There are hundreds of athletes in the NFL who, like every player in pro football, have spent their entire lives physically training to become the best at what they do and, despite spending every waking second keeping their bodies in perfect shape…
I am, of course, talking about the many cheerleaders who represent NFL teams across the country (except for the Bears, Packers, Lions, Browns, Steelers and Giants, who don’t have cheerleaders).
Yes, cheerleading and football have many differences, but the fact remains: to do either in the NFL, you need to be an amazing athlete who’s worked extremely hard to get where you are.
Yet one set of athletes here — the men playing football — make millions of dollars, while the other set — cheerleaders — sometimes don’t even make enough to live.
When cheerleaders have to literally sue their NFL team just to earn livable wages, the message becomes clear:
Women are worth less than men.
I’m not naive. I understand that the individuals who win games and draw eyeballs will always be paid more. But the extraordinary pay disparity between these two sets of top-tier athletes is astounding.

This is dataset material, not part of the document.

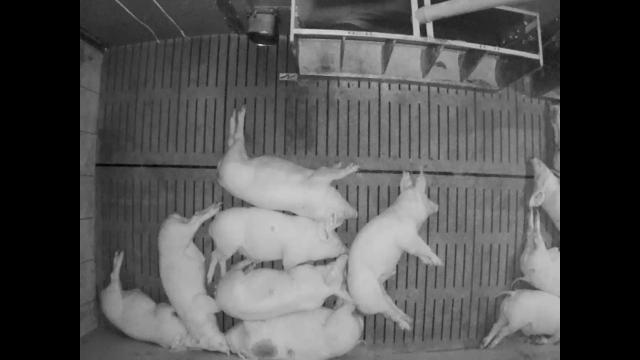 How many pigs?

10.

Admittedly, the NFL probably doesn’t spend its time devising supervillainesque plans to keep women down. It’s their apathy about women, when it comes to both their attitude toward domestic violence and fair wages, that sends the message, “We just don’t give a crap about almost half our audience.”
That’s a pretty terrible message to send in a country where, according to the National Coalition Against Domestic Violence, “42.4 million women experience rape, physical violence and/or stalking by an intimate partner in their lifetime.”

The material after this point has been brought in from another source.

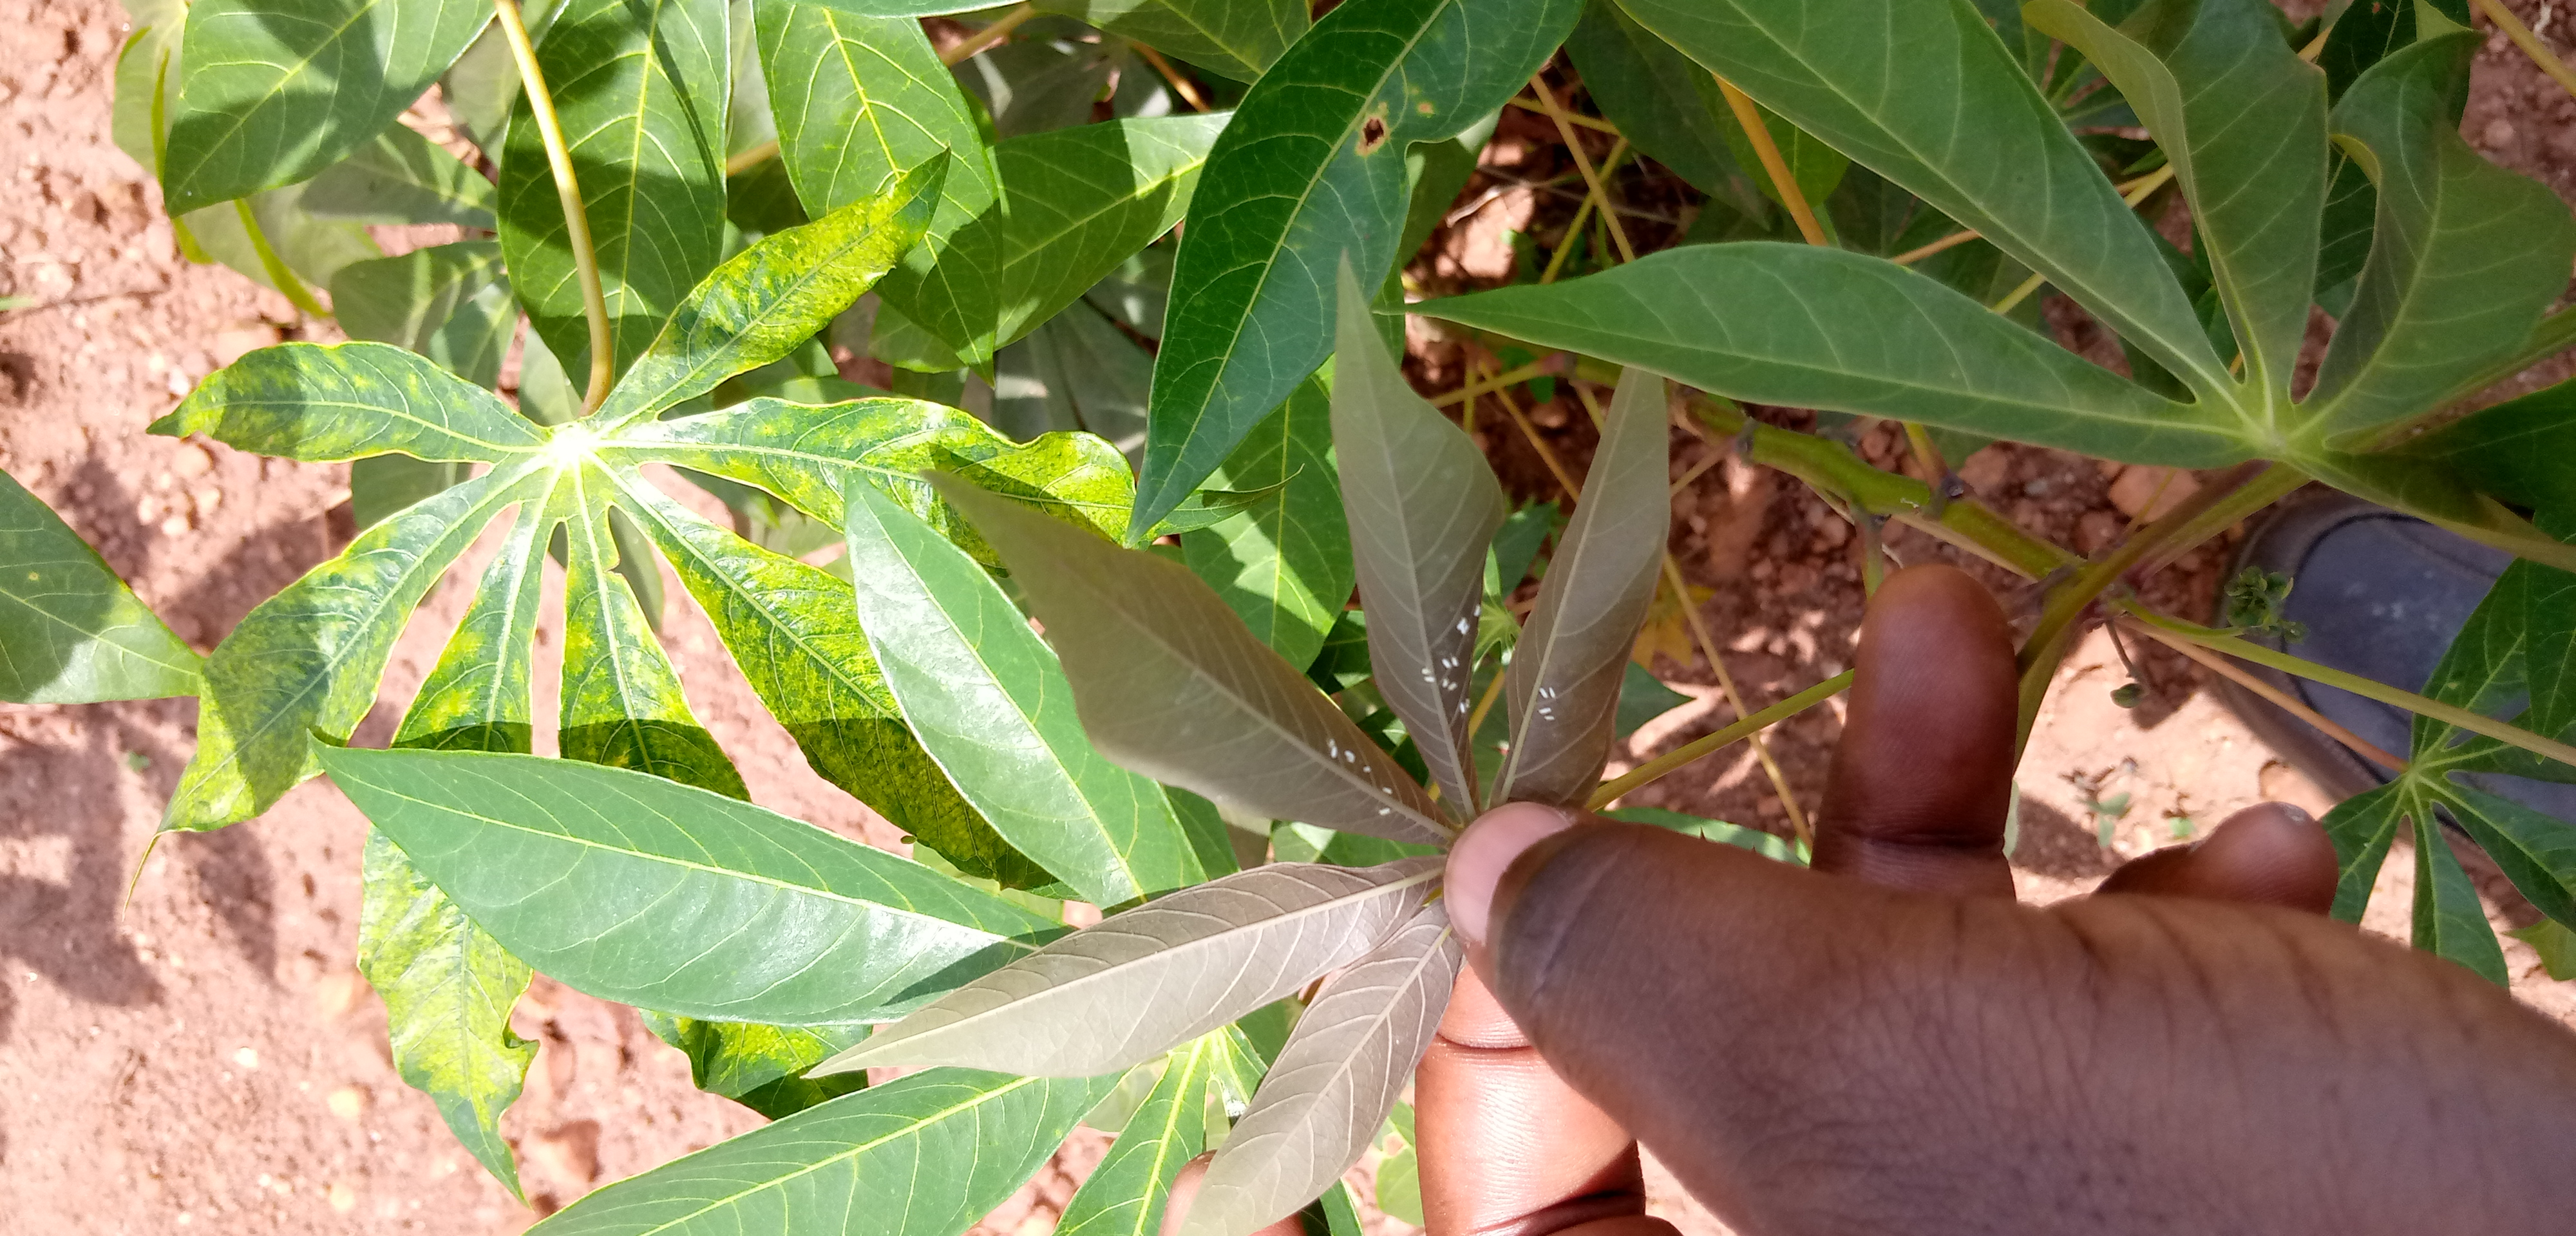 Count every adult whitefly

One in three women have experienced physical violence by a partner, and the NFL doesn’t care. Why would they? It doesn’t hurt their stream of money.
In only finding the time to respond to issues of domestic abuse when its arm is twisted behind its back (or when TMZ’s video of a football player punching his soon-to-be wife goes viral), the NFL is setting a sad standard — domestic abuse only matters when their reputation and revenue streams are on the line.
Because if the NFL did care about women, it would be actively fighting against domestic abuse even when it’s not in the news cycle.
Currently, the NFL, a nonprofit with a boss who made $44.2 million last year, does little in the way of charity work for women (or, one could argue, does little in the way of charity work). There’s the pink campaign, but that has been scrutinized intensely the last few years, as claims that only 8 percent of sales of NFL pink merchandise go to cancer research.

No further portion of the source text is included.